Wie heeft geen gehad last van groepsdruk? Wie is er niet in zijn jeugd in de steek gelaten door een vriend? Wie heeft niet iemand verraden en daar vervolgens mee geworsteld? Wie heeft op jonge leeftijd niet iemand verloren en kon daar toen geen woorden voor vinden?
Wie op al deze vragen het antwoord ‘Ik niet’ geeft, is net zo goed betreurenswaardig.
Ik ben op dit moment drie boeken aan het lezen over de dichter en essayist C.O. Jellema (1936 – 2003): de bloemlezing met zijn gedichten Omdat een droom mij aankeek, het proefschrift Verdwijnen in een woord van J.J.C. Dee en de nog te verschijnen biografie Aan rozen denk ik in de winter van Gerben Wynia.
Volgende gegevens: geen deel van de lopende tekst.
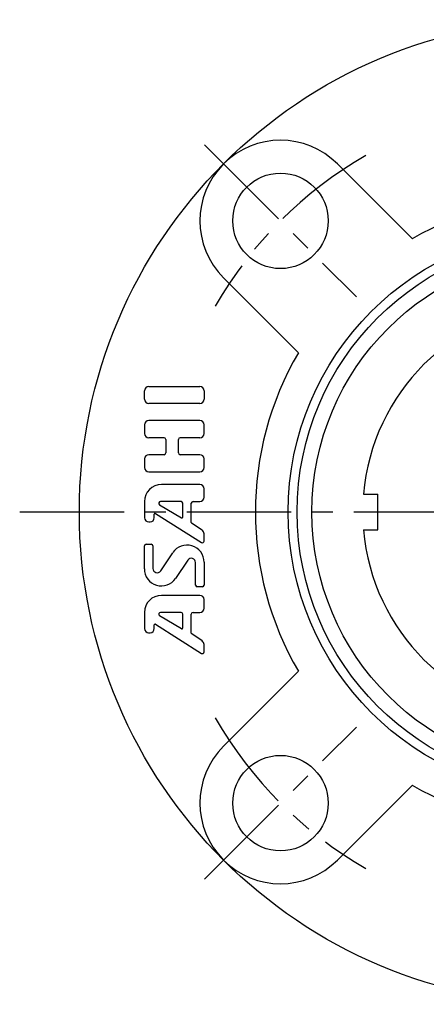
# Model space of a CAD drawing. Extents: x -93 to 207, y -93 to 207.
# Tile 1 of 11: x -93 to -24, y -83 to 82. Entities that reach past the tile are written whole.
import ezdxf

# ---------------------------------------------------------------- set-up
doc = ezdxf.new("R2010")
doc.units = 0
doc.header["$LTSCALE"] = 14
doc.linetypes.add('CENTER', pattern=[2, 1.25, -0.25, 0.25, -0.25])
doc.layers.get('0').update_dxf_attribs({"linetype": 'CONTINUOUS'})
doc.layers.add('1', color=3, linetype='CONTINUOUS')
doc.layers.add('CENTER', color=1, linetype='CENTER')

msp = doc.modelspace()

# ---------------------------------------------------------------- linework, layer by layer
for p, q in [((-39.24, 58.34), (-26.69, 45.79)), ((-58.34, 39.24), (-45.79, 26.69)), ((-34.87, 3), (-32.5, 3)), ((-32.5, -3), (-32.5, 3)), ((-34.87, -3), (-32.5, -3)), ((-58.34, -39.24), (-45.79, -26.69)), ((-39.24, -58.34), (-26.69, -45.79))]:
    msp.add_line(p, q)
for centre, radius in [((0, 0), 82.5), ((-48.79, 48.79), 8), ((0, 0), 47.5), ((0, 0), 46), ((0, 0), 43.51), ((-48.79, -48.79), 8)]:
    msp.add_circle(centre, radius)
for centre, radius, start, end in [((-48.79, 48.79), 13.5, 45, 225), ((0, 0), 53, 59.7568, 120.2432), ((0, 0), 35, 94.9171, 175.0829), ((0, 0), 53, 149.7568, 210.2432), ((0, 0), 35, 184.9171, 265.0829), ((-48.79, -48.79), 13.5, 135, 315), ((0, 0), 53, 239.7568, 300.2432)]:
    msp.add_arc(centre, radius, start, end)
at = {"layer": '1'}
for p, q in [((-71.6, 18.89), (-71.6, 20.32)), ((-70.88, 21.03), (-62.31, 21.03)), ((-61.6, 20.32), (-61.6, 18.89)), ((-62.31, 18.17), (-70.88, 18.17)), ((-62.31, 15.32), (-70.88, 15.32)), ((-71.6, 14.6), (-71.6, 13.17)), ((-61.6, 13.17), (-61.6, 14.6)), ((-70.88, 12.46), (-68.31, 12.46)), ((-68.03, 12.17), (-68.03, 9.89)), ((-65.88, 9.89), (-65.88, 12.17)), ((-65.6, 12.46), (-62.31, 12.46)), ((-71.6, 8.89), (-71.6, 7.46)), ((-68.31, 9.6), (-70.88, 9.6)), ((-62.31, 9.6), (-65.6, 9.6)), ((-61.6, 7.46), (-61.6, 8.89)), ((-70.88, 6.75), (-62.31, 6.75)), ((-62.31, 4.6), (-68.74, 4.6)), ((-61.6, 2.46), (-61.6, 3.89)), ((-71.6, 1.75), (-71.6, -0.95)), ((-65.45, 1.75), (-68.9, 1.75)), ((-63.45, 1.75), (-62.31, 1.75)), ((-69.05, 1.22), (-65.39, -0.98)), ((-65.17, -0.86), (-65.17, 1.46)), ((-63.74, -1.75), (-63.74, 1.46)), ((-69.94, -0.95), (-69.94, -0.35)), ((-69.72, -0.23), (-62.04, -5.12)), ((-70.88, -1.67), (-70.65, -1.67)), ((-61.92, -3.04), (-63.68, -1.87)), ((-61.6, -4.88), (-61.6, -3.64)), ((-71.6, -9.53), (-71.6, -5.68)), ((-71.31, -5.4), (-70.45, -5.4)), ((-70.17, -5.68), (-70.17, -9.47)), ((-68.86, -9.86), (-66.83, -6.82)), ((-64.33, -8.07), (-66.36, -11.12)), ((-63.03, -12.25), (-63.03, -8.47)), ((-61.6, -8.4), (-61.6, -12.25)), ((-61.88, -12.54), (-62.74, -12.54)), ((-62.31, -13.97), (-68.74, -13.97)), ((-61.6, -16.11), (-61.6, -14.68)), ((-71.6, -16.83), (-71.6, -19.53)), ((-69.05, -17.36), (-65.39, -19.55)), ((-65.45, -16.83), (-68.9, -16.83)), ((-65.17, -19.43), (-65.17, -17.11)), ((-63.74, -20.32), (-63.74, -17.11)), ((-63.45, -16.83), (-62.31, -16.83)), ((-69.94, -19.53), (-69.94, -18.92)), ((-69.72, -18.8), (-62.04, -23.69)), ((-70.89, -20.24), (-70.66, -20.24)), ((-61.91, -21.61), (-63.67, -20.44)), ((-61.6, -23.45), (-61.6, -22.21))]:
    msp.add_line(p, q, dxfattribs=at)
for centre, radius, start, end in [((-70.88, 20.32), 0.714, 90, 180), ((-62.31, 20.32), 0.714, 0, 90), ((-70.88, 18.89), 0.714, 180, 270), ((-62.31, 18.89), 0.714, 270, 0), ((-70.88, 14.6), 0.714, 90, 180), ((-62.31, 14.6), 0.714, 0, 90), ((-70.88, 13.17), 0.714, 180, 270), ((-68.31, 12.17), 0.286, 0, 90), ((-65.6, 12.17), 0.286, 90, 180), ((-62.31, 13.17), 0.714, 270, 0), ((-70.88, 8.89), 0.714, 90, 180), ((-68.31, 9.89), 0.286, 270, 0), ((-65.6, 9.89), 0.286, 180, 270), ((-62.31, 8.89), 0.714, 0, 90), ((-70.88, 7.46), 0.714, 180, 270), ((-62.31, 7.46), 0.714, 270, 0), ((-68.74, 1.75), 2.86, 90, 180), ((-62.31, 3.89), 0.714, 0, 90), ((-68.9, 1.46), 0.286, 90, 239.0362), ((-65.45, 1.46), 0.286, 0, 90), ((-63.45, 1.46), 0.286, 90, 180), ((-62.31, 2.46), 0.714, 270, 0), ((-70.88, -0.95), 0.714, 180, 270), ((-70.65, -0.95), 0.714, 270, 0), ((-69.8, -0.35), 0.143, 57.5288, 180), ((-65.31, -0.86), 0.143, 239.0362, 0), ((-63.6, -1.75), 0.143, 180, 236.3099), ((-62.31, -3.64), 0.714, 0, 56.3099), ((-61.88, -4.88), 0.286, 237.5288, 0), ((-71.31, -5.68), 0.286, 90, 180), ((-70.45, -5.68), 0.286, 0, 90), ((-64.45, -8.4), 2.86, 0, 146.3099), ((-63.74, -8.47), 0.714, 0, 146.3099), ((-68.74, -9.53), 2.86, 180, 326.3099), ((-69.45, -9.47), 0.714, 180, 326.3099), ((-62.74, -12.25), 0.286, 180, 270), ((-61.88, -12.25), 0.286, 270, 0), ((-68.74, -16.83), 2.86, 90, 180), ((-62.31, -14.68), 0.714, 0, 90), ((-62.31, -16.11), 0.714, 270, 0), ((-68.9, -17.11), 0.286, 90, 239.0362), ((-65.45, -17.11), 0.286, 0, 90), ((-63.45, -17.11), 0.286, 90, 180), ((-70.88, -19.53), 0.714, 180, 270), ((-70.65, -19.53), 0.714, 270, 0), ((-69.8, -18.92), 0.143, 57.5288, 180), ((-65.31, -19.43), 0.143, 239.0362, 0), ((-63.6, -20.32), 0.143, 180, 236.3099), ((-62.31, -22.21), 0.714, 0, 56.3099), ((-61.88, -23.45), 0.286, 237.5288, 0)]:
    msp.add_arc(centre, radius, start, end, dxfattribs=at)
at = {"layer": 'CENTER'}
for p, q in [((-61.52, 61.52), (-36.06, 36.06)), ((-92.5, 0), (92.5, 0)), ((-61.52, -61.52), (-36.06, -36.06))]:
    msp.add_line(p, q, dxfattribs=at)
for start, end in [(120.0106, 149.9894), (210.0106, 239.9894)]:
    msp.add_arc((0, 0), 69, start, end, dxfattribs=at)

doc.saveas('drawing.dxf')

In laatstgenoemde uitgave wordt onder meer verteld over de vriendschap van Jellema met ene Alex Ruys. Het is 1951, de dan 15-jarige hoogbegaafde en sensibele Jellema is kort daarvoor uit het geïsoleerde Beilen verhuisd naar Hoogland, vlakbij Amersfoort. Citaat:
“Ze kwamen met een groepje van vier, vijf jongens van het gymnasium en waren op weg naar huis. Onder druk van dat groepje liet Alex Ruys hem schieten. Ruys zou de tragiek van het moment nooit vergeten: ‘Jij ging linksaf, voorover gedoken, in een groene loden jas, gymnasiumgeleerdheid in je tas, maar helemaal alleen, in tranen meen ik. En wij rechtdoor, de Berkenweg. Er was misschien iets tussen ons van een vergroeiing, van een taal die de anderen niet verstonden, dus verachtten. Maar ook: ik wilde niet linksaf, ik wilde niet afsplitsen van die groep, ik wilde door de Berkenweg. Toch was er toen pijn, zoals bij alle afscheid, ook als dat onvermijdelijk is.’
Thuisgekomen zat Cor in de serre van de pastorie tegen zijn moeder aan te huilen. Ze vroeg hem wat er was gebeurd maar hij kreeg het niet over zijn lippen. Haar deelgenoot maken van zijn verdriet en uitleggen ‘wat het was, waarom’ hij moest huilen, lukte hem niet.”
Terug naar het knappe van Close. Een piepjonge acteur op het juiste moment in tranen krijgen, en wel zo dat je als filmkijker het idee krijgt dat het niet gespeeld, maar oprecht is, dat vraagt een bijzondere vaardigheid.